Data extracted from a collection:

◆ ◆ ◆

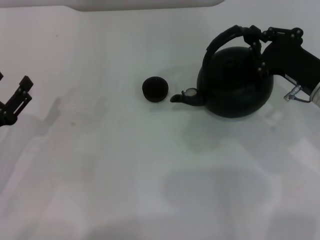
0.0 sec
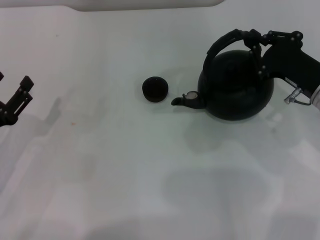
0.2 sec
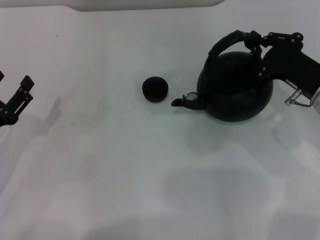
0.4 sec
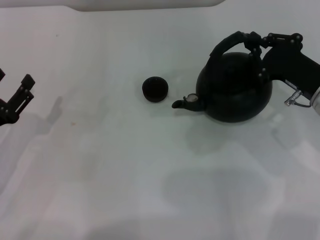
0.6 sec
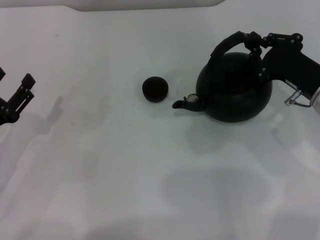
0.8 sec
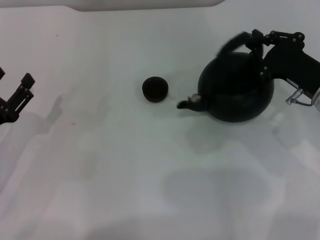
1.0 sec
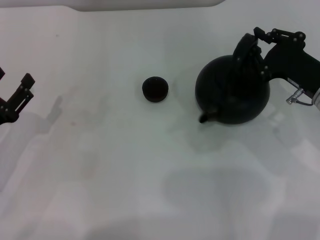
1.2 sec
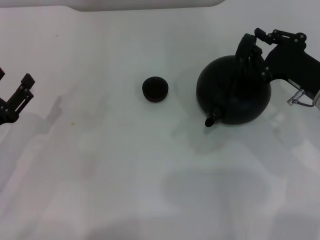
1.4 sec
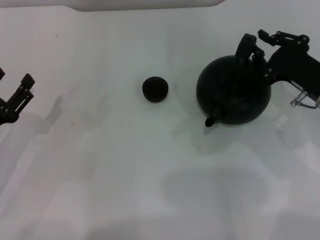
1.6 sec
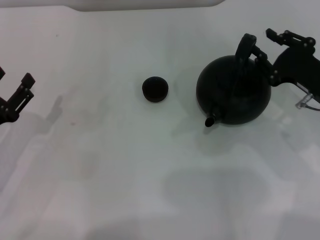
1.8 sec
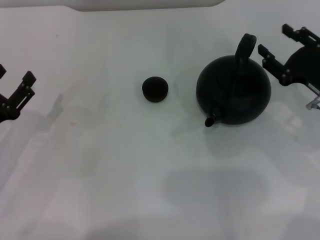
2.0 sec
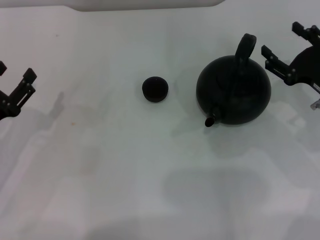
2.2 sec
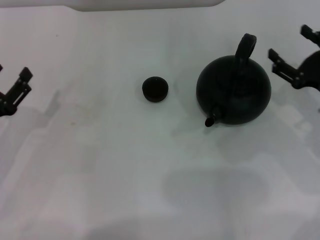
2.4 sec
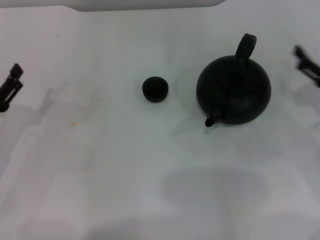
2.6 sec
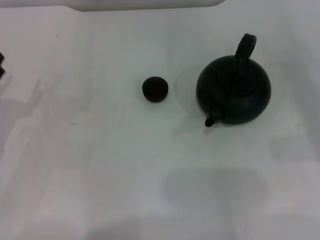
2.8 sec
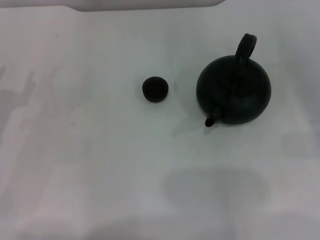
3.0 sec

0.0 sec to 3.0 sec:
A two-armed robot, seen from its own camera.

◆ ◆ ◆

_Exercise goal_: Start at the top line above and repeat the records verbatim, leaving images out.

_Result below_:
0.0 sec
0.2 sec
0.4 sec
0.6 sec
0.8 sec
1.0 sec
1.2 sec
1.4 sec
1.6 sec
1.8 sec
2.0 sec
2.2 sec
2.4 sec
2.6 sec
2.8 sec
3.0 sec

0.0 sec to 3.0 sec:
A two-armed robot, seen from its own camera.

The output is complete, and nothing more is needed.